Every now and then, I still like to go to clubs; they’ve been my safe haven to meet friends, do a little two-step, and watch drunk people dance. What feels especially potent is the sentiments around drinking:
“It’s been a hard day; I deserve a drink.”
“It's your birthday; let’s get drunk!”
“I need to get loose; fetch me a drink.”
Every emotion warranted a drink; celebrations, the end of a harrowing week, scrolling for too long on Twitter, their morality— everything; most things, however, were connected to wanting some kind of freedom. In any case, friends and strangers I’ve come to love being around craved to be messy.
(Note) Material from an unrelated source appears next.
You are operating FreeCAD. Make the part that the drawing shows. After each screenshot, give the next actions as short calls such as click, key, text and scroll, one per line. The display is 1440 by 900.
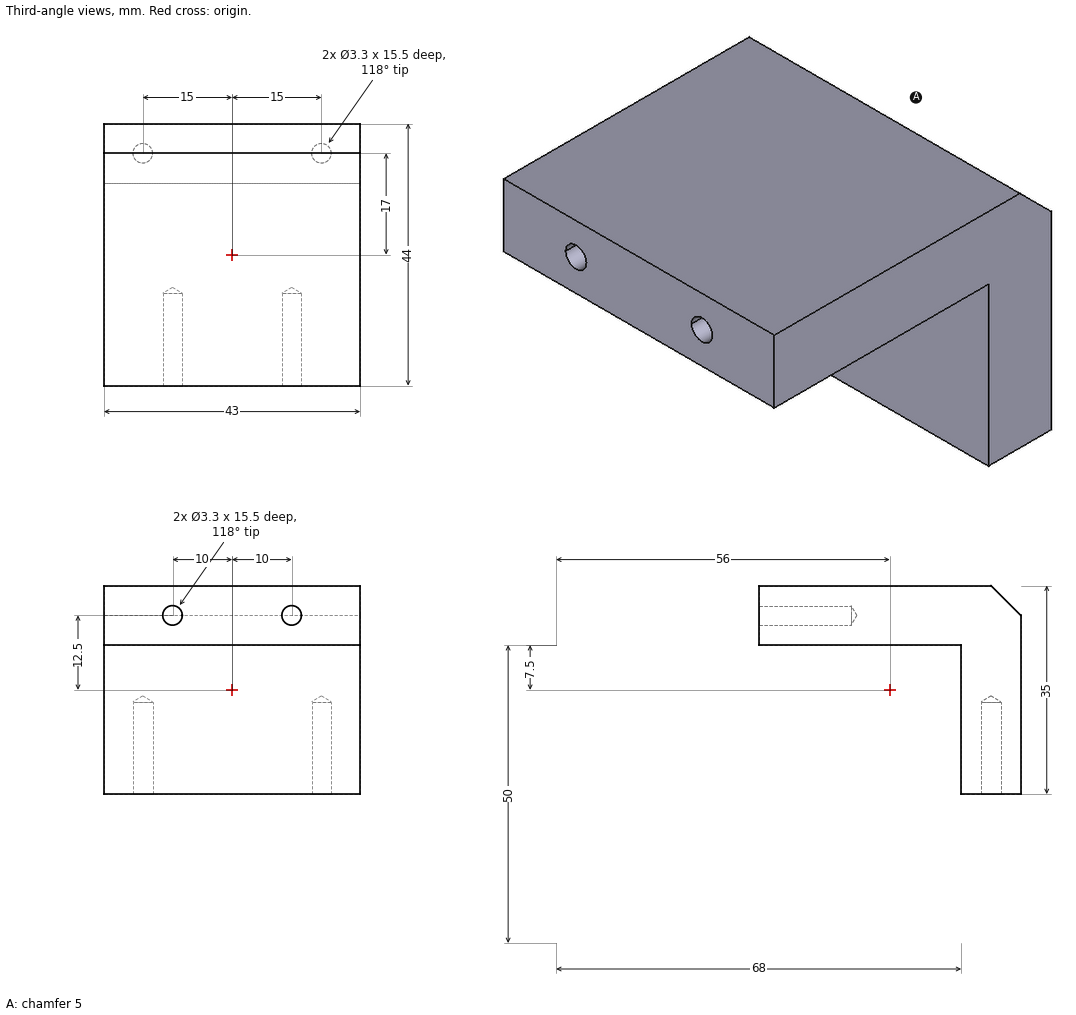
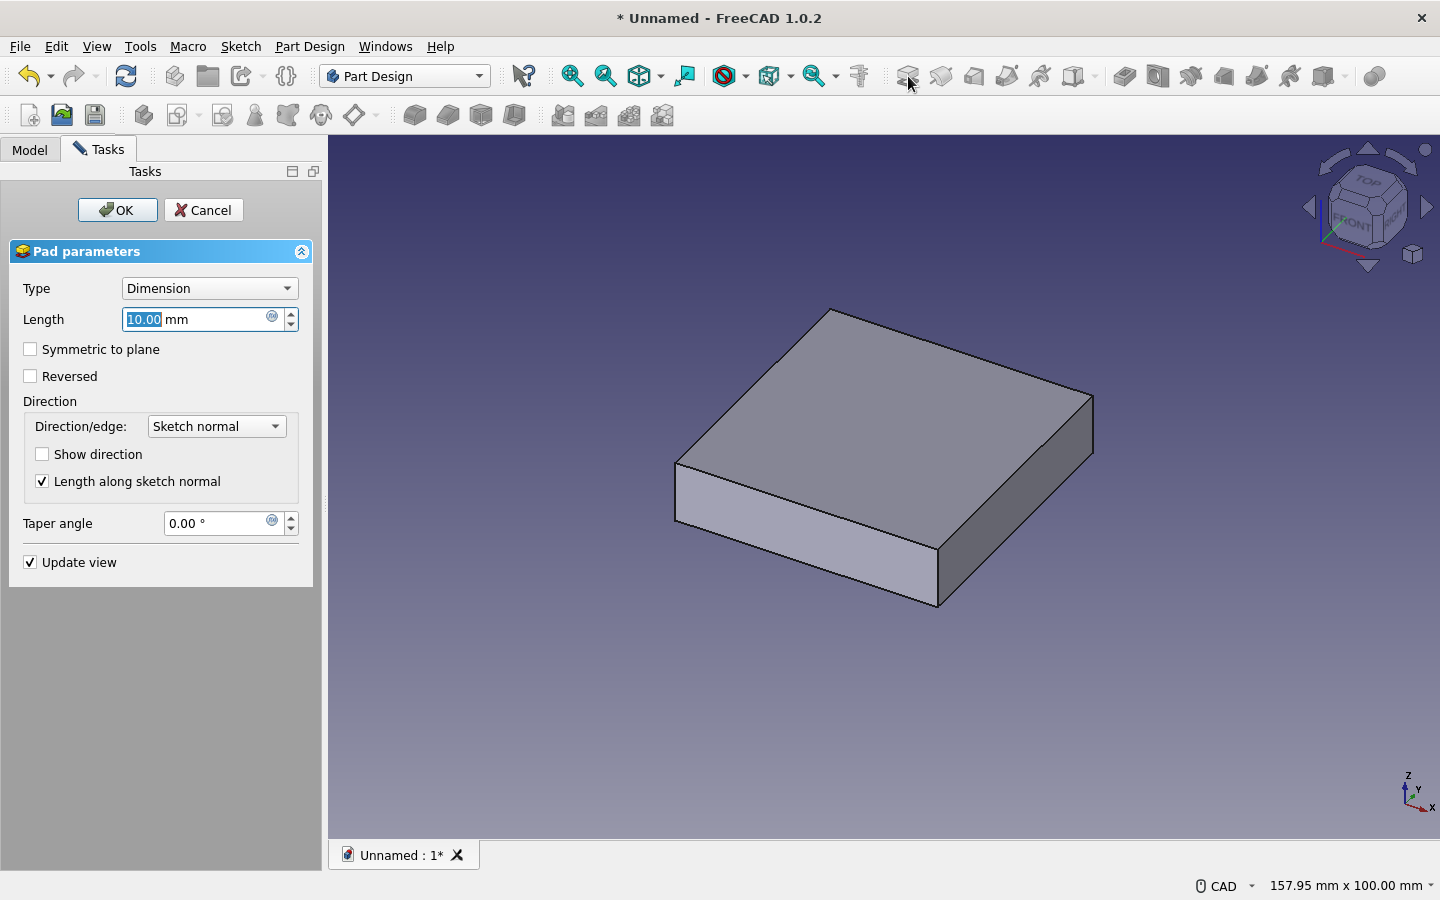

When you’re messy while drunk, at least you have something to blame it on—a sense of freedom brought on by diluting your blood. You have license to dance in ways that make you look ridiculous, or avoid the emotional labor of processing a hard day in the midst of a mess. While I’ve been breaking a 10-year habit, I’ve watched human minds crave release from the everyday perils brought on by late-stage capitalism. I’m uninterested in “alcohol is bad rhetoric”, and more so interested in interrogating alcohol and drugs as band-aids to larger issues.
In this life, we have lots of responsibilities to tend to (work, school, keeping our rooms clean, feeding and clothing ourselves, keeping our bills paid, etc). For many of us, we’re expected to be responsible as soon as we wake u
p. So when we go to a club or have a night in with our crew, or pick up a bottle of wine in a room all by ourselves, we are often asking for permission to give up our muscle-memorized responsibility, even if just for the duration of the caesura between “not enough” and “too much”. Those hours are hours out of our 16 hours of consciousness that don’t have to be spent being responsible! So for that reason, I get it.
While I haven’t been drinking, I’ve searched for ways to be messy elsewhere. It has proven to be HARD! The loosening of our roles as adults — the insistence on doing something that brings you joy, and you never plan on monetizing — is, in essence, anti-American. No matter how many brochures I’ve been given on work/life balance, it’s near-impossible to work hard for your basic needs AND be able to be messy! Daddy Bezos and friends expect perfection, and we expect perfection from each other. Nonetheless, it has been important for me to try out new ways of feeling the freedom that is kinder to my body.
In the “today” of things, I’ve become something of a hobbyist. Feeling the Texas breeze at 8 AM while riding my bike is pretty damn close to what I used to feel from liquor. Solidly sitting in 2nd place is yoga. Others include snorkeling, roller skating, and attending entertainment venues (museums, drag shows, comedy, theatre, music shows, and the like). Every now and then, I still feel tempted by the bottle, but then I remember that it’s made way for other (better) habits.
Any freedom worth having is messy. If we don’t have something in our lives that doesn’t expect us to be perfect, then we are missing out on freedom, I think. In the age of late-stage capitalism, what is a thing you can do that brings you joy, and you never plan on monetizing? I’d love to pose this to you, in hopes that you get it, and keep it close.